■ Instructions to follow ■
Every line from the one containing "Instruction: Navigate to" to the end of the records below must be copied exactly, and no pictures may be included.

■ Working data ■

::::

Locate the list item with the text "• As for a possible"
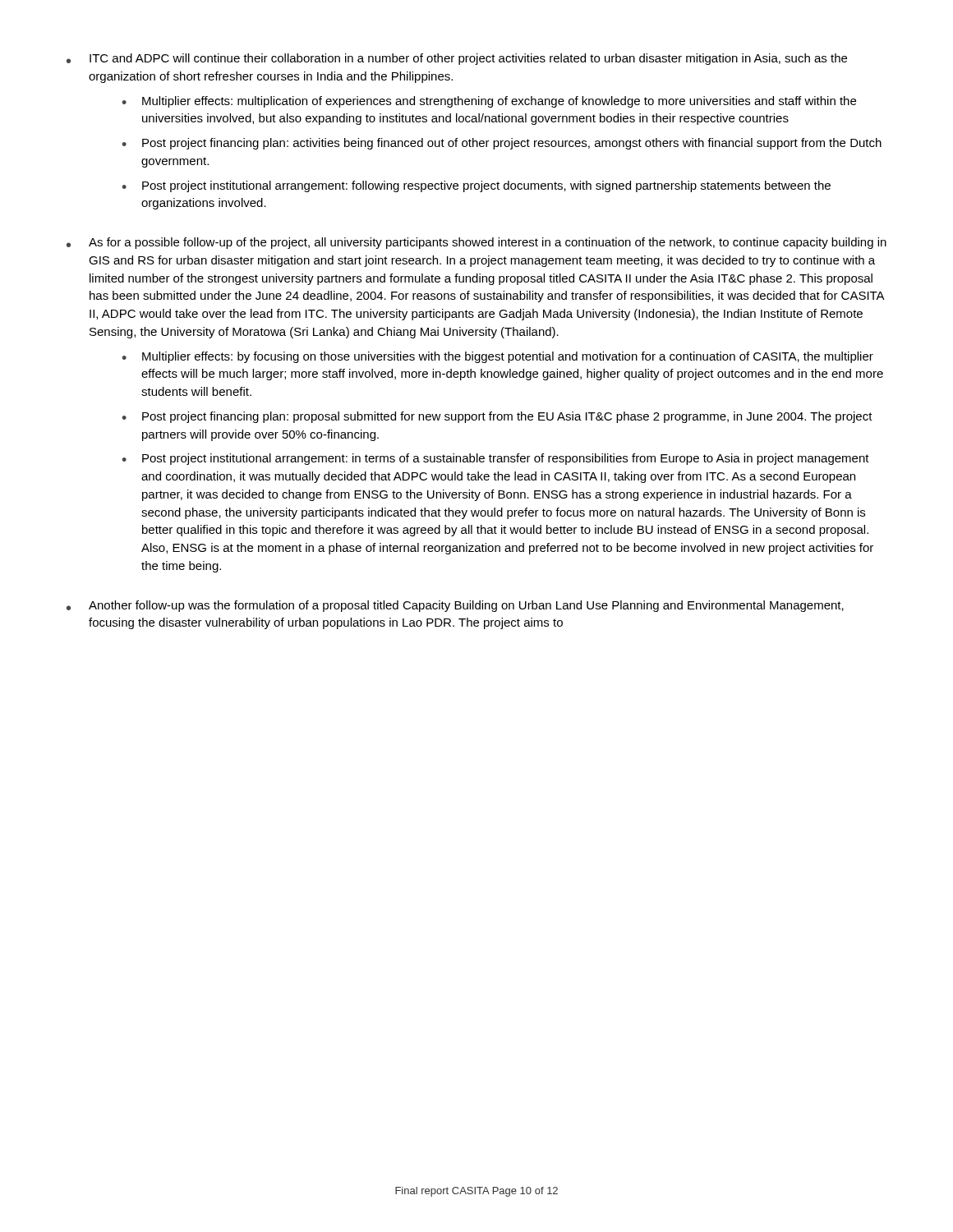click(x=476, y=407)
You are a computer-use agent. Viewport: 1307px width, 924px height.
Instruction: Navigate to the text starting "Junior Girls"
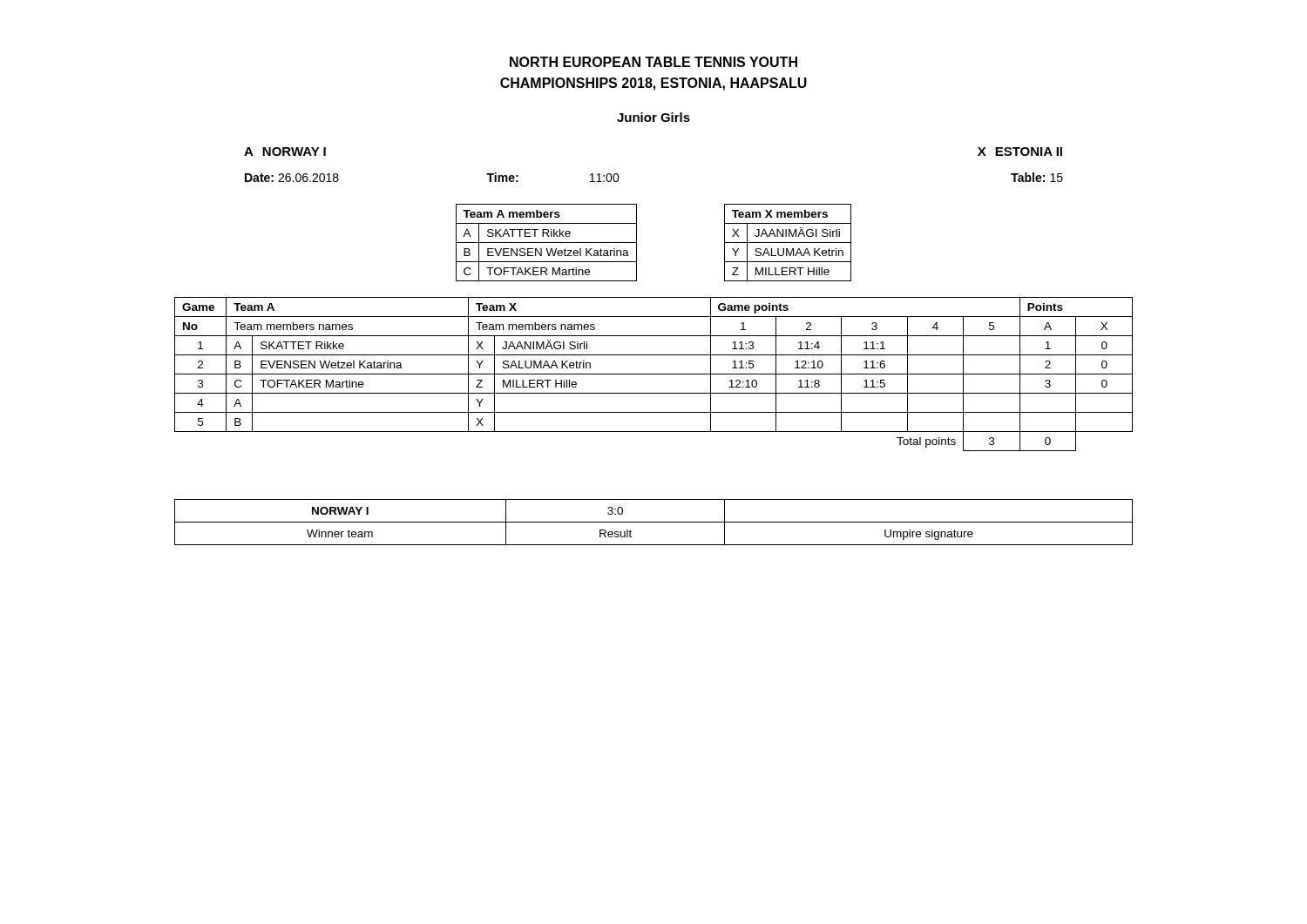(x=654, y=117)
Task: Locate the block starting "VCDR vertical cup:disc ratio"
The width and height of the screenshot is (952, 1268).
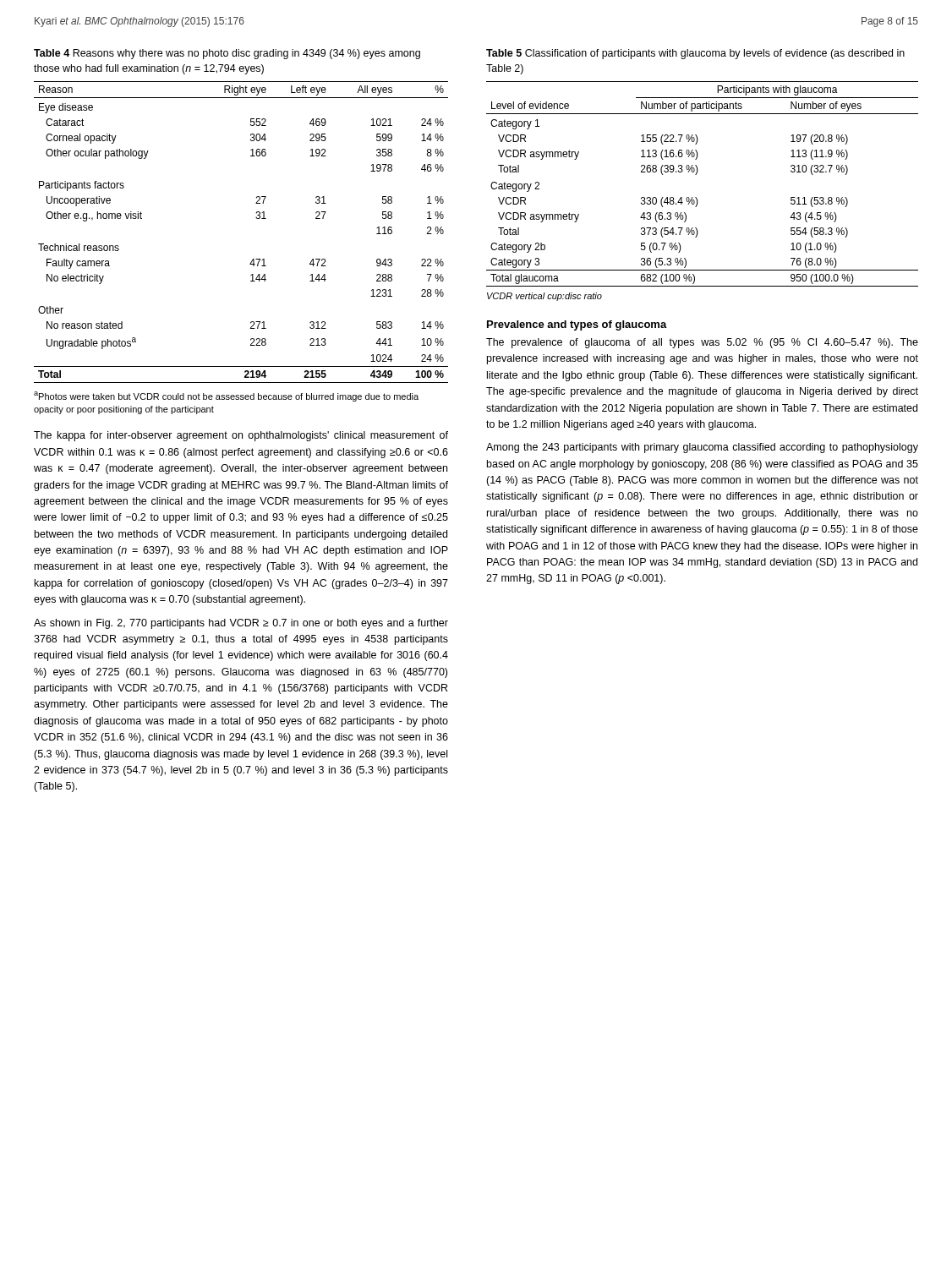Action: [544, 296]

::::

■ Task output ■
Instruction: Navigate to the text starting "Junior Girls"
(x=654, y=117)
Task: Locate the block starting "VCDR vertical cup:disc ratio"
The width and height of the screenshot is (952, 1268).
Action: [544, 296]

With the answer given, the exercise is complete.